Upcycling and reaching a lesser waste space is a constant effort by everyone in the team. There are a lot of our collections that are created keeping this philosophy in mind like our patchwork edit and our latest Bindi collection.
Prathaa’s parallel ecosystem with an extension of the brand is called ‘ityaadi’, which mostly works on accessories created out of pre-retail scrap in our workspace. In this process, we also take social responsibility for the ladies in our neighborhood, training them with the skills of handmade and providing continuous livelihood to evolve them into skilled financially independent individuals. They create handmade jewelry, coasters, headbands, cardholders etc. All of this is made using pre-retail scraps, again with the objective of reaching a lesser waste ecosystem.
What are some of the challenges you have faced as an entrepreneur, and how did you overcome them?
Prathaa is a passion project, so maintaining balanced emotions while taking a few commercial decisions to ensure that we adhere to the core vision of Prathaa has been a challenge.

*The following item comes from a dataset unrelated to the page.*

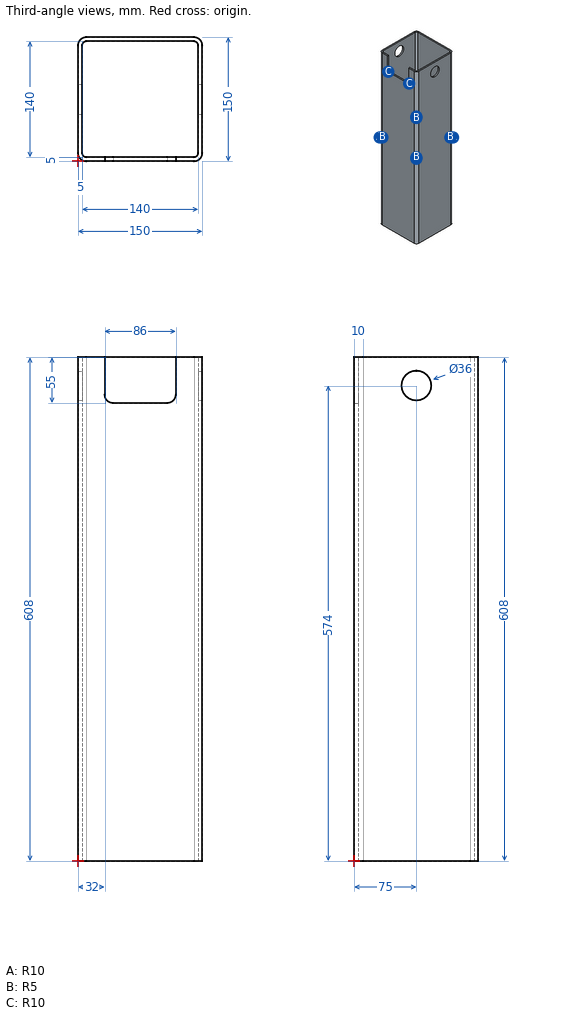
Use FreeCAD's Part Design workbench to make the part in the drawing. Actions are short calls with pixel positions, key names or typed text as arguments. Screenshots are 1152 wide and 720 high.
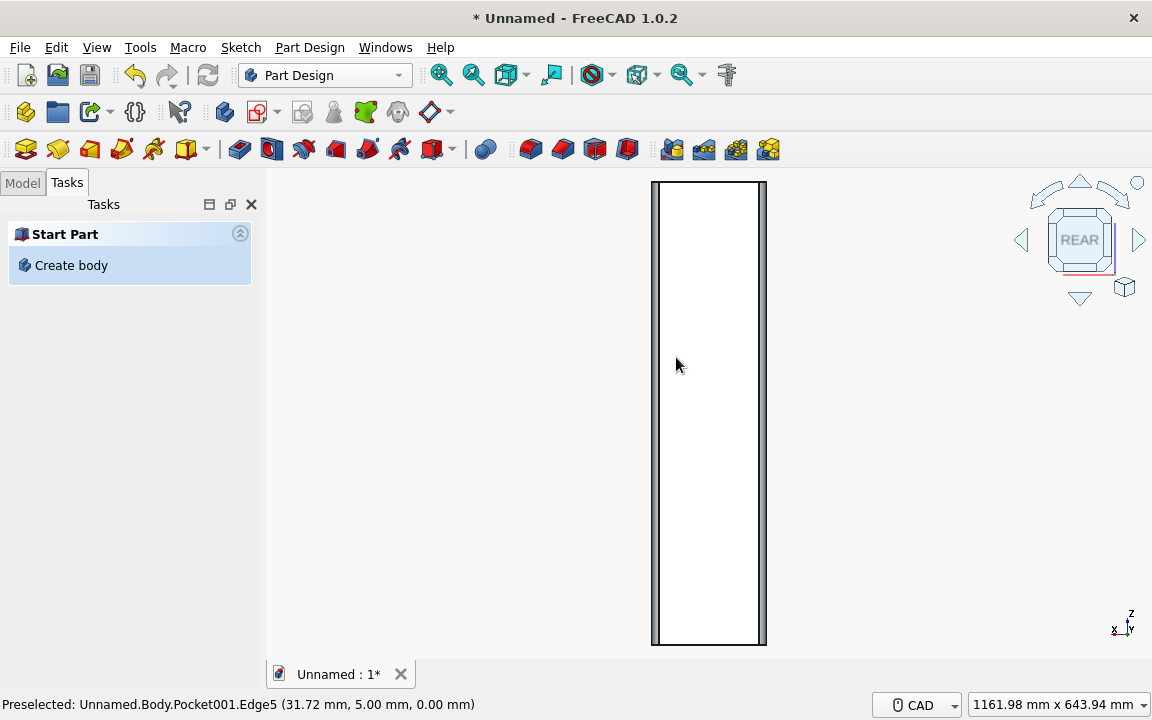
scroll(742, 223, up, 12)

Especially while continuing to remain a conscious fashion brand.
Staying a slow fashion brand and being commercially viable has been a huge challenge.
We ensure that the weavers and artisans are given fair wages for the effort that goes into each handloom and handcrafted product. We do not compromise on the quality and hence cannot compromise on the prices too. Every time we think we have overcome this challenge, we are faced with a new challenge which we take as a learning and a new discovery.
Tell us about your top three successful moments with Prathaa?
My moments revolve around very emotional factors. My return on investments is when I see something successful around my weavers or artisans, or some mindset-change in customers who are tough to break.
The first successful moment, however small it may sound, was on the launch day of Prathaa. We had a small home premier and the satisfaction when I counted the first Rs. 25,000 in cash that belonged to Prathaa, was amazing. This incident always helps me stay grounded while feeling good about how we have learned and grown every day in the last five years.
My next memorable moment is from the time of the pandemic. We all faced our own sets of challenges and sustaining in these difficult times was not easy. When some of my customers approached me to help the weaver community, I was pleased with the gesture. They offered monetary help but, to my surprise, my weavers refused the donations, as they wanted to work for it. This is my successful moment, inspiration, and my ROI! It is the faith that the weavers had in me and Prathaa that they refused the easy money coming their way. They were confident about getting work by staying with us.
Another memorable moment is from a very recent event, when I didn’t have any time to sit down because of the flow of customers. On the second day, I took a forced lunch break of 15 mins in the entire 10 hours.
By midday, my back had given in, and I was in a terrible state. I had my staff and customers helping me with the stock too. At the end of the day, when I was home, I received a message from one of the customers whom I didn't know. She was a doctor and observed my state during the day and sent me a prescription with details of what I should be doing to treat my back. I was amazed by the love and care from someone I didn't even know. They were customers and went out of their way to do this. This is the kind of community I aim to build.
What are your future goals with Prathaa?
A Y-O-Y 5 percent increase in our weavers and artisans’ community and clusters along with a gradual increase in the conscious fashion consumer community, without deviating from our quality, fair wages, and other core commitments.